Task item: Check each line below for the word "same", and copy those that have it.

Material supplied:
"""
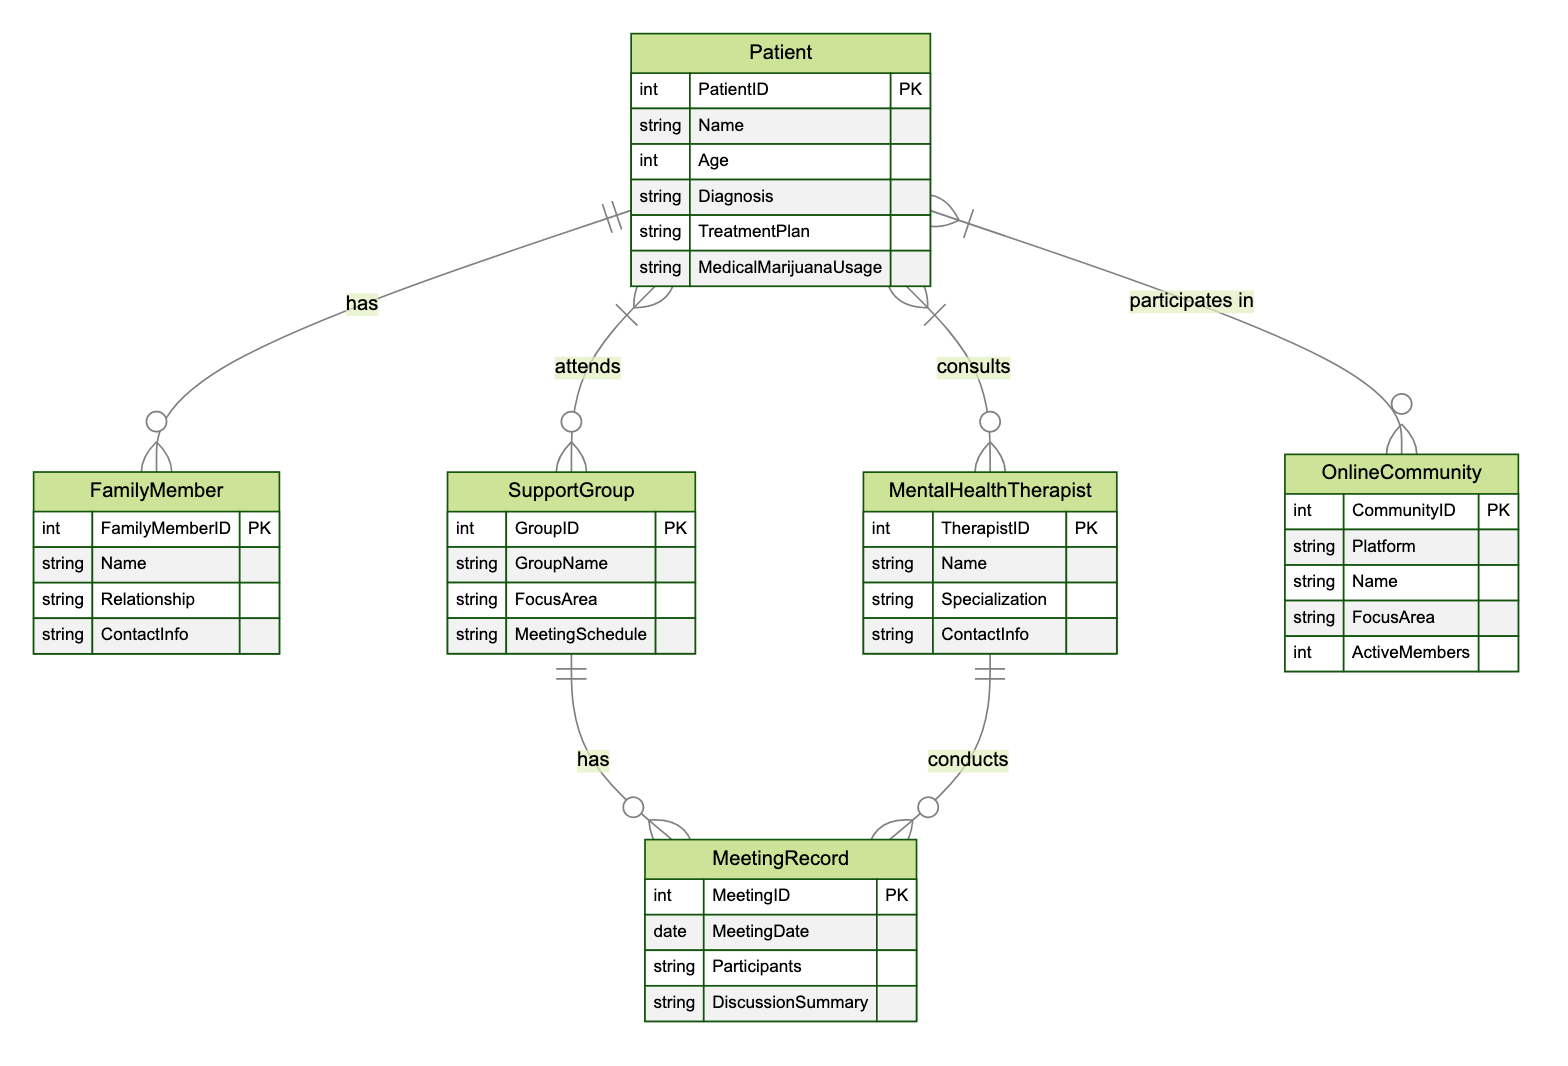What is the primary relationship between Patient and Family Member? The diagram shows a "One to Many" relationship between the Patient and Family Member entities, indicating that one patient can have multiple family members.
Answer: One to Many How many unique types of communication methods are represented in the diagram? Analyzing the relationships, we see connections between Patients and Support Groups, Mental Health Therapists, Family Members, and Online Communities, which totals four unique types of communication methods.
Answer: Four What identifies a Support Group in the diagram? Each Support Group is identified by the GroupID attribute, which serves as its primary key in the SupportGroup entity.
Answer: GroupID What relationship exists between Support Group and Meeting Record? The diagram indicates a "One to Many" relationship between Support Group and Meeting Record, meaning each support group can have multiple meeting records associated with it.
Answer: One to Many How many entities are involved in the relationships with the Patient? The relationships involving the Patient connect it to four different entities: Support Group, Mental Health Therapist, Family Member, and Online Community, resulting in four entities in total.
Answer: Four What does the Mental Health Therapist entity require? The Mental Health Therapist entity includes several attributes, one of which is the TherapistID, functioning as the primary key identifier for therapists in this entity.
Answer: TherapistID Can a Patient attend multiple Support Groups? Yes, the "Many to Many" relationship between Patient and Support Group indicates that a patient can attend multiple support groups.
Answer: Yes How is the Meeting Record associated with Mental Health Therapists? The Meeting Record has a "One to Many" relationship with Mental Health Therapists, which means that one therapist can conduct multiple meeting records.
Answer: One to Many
"""
"""
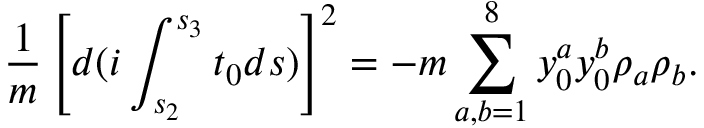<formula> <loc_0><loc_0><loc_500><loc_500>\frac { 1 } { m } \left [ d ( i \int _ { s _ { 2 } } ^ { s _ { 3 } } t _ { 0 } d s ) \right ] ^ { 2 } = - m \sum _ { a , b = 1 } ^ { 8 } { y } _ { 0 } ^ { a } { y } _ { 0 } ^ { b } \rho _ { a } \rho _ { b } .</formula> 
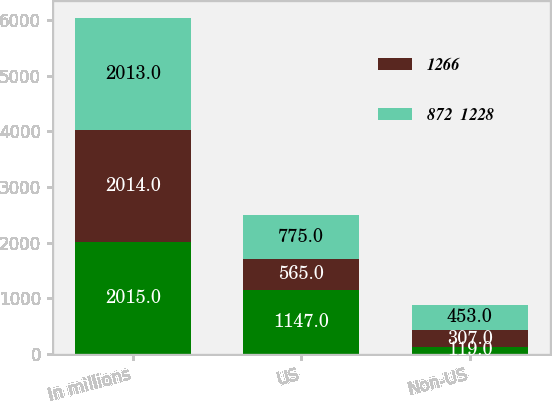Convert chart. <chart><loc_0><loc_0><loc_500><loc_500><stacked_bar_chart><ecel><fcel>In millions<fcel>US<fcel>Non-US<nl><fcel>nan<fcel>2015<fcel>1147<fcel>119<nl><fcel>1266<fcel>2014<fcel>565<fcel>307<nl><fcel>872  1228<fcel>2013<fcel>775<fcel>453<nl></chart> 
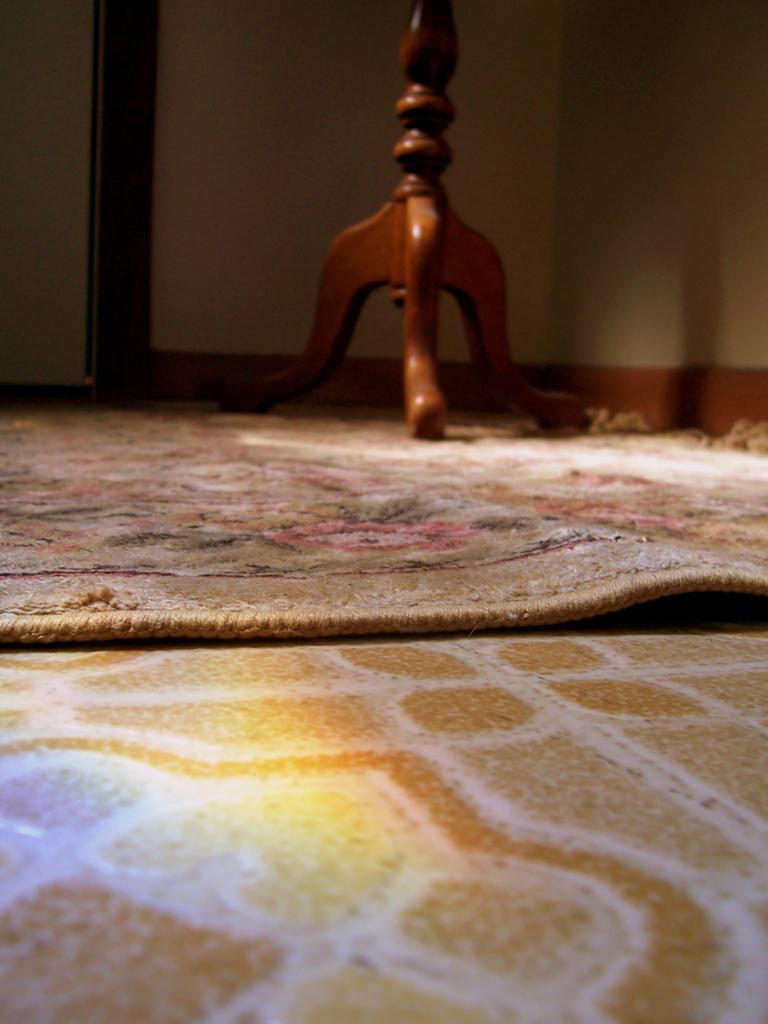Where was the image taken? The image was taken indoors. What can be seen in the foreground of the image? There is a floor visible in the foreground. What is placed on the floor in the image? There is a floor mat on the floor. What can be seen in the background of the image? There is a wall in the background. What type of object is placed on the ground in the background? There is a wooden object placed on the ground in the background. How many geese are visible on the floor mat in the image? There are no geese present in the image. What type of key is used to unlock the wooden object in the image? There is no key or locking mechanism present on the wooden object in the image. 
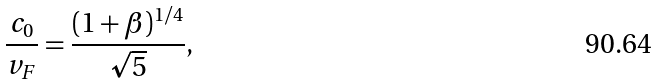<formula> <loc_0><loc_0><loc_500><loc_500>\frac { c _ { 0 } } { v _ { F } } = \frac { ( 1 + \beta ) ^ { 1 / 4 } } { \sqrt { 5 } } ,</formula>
"""
"""
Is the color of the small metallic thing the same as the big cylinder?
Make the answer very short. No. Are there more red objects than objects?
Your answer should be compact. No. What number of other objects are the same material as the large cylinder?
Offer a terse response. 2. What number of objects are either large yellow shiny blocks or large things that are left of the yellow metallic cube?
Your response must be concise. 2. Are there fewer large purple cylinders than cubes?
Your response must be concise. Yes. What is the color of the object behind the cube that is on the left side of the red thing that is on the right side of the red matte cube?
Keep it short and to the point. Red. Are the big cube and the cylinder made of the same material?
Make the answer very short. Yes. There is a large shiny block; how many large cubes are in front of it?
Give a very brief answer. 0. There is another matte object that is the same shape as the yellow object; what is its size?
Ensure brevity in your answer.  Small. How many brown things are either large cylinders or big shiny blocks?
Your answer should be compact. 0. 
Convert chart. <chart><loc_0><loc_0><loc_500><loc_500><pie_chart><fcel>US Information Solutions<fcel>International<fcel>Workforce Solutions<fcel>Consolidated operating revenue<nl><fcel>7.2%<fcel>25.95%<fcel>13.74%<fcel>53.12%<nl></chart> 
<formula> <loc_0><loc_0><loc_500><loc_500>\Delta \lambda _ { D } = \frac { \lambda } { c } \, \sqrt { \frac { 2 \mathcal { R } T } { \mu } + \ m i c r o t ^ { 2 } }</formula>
"""
Task result:
Is the color of the small metallic thing the same as the big cylinder?
Your answer should be compact. No. What number of other objects are the same material as the large cylinder?
Keep it short and to the point. Red. Are the big cube and the cylinder made of the same material?
Give a very brief answer. 0. There is another matte object that is the same shape as the yellow object; what is its size?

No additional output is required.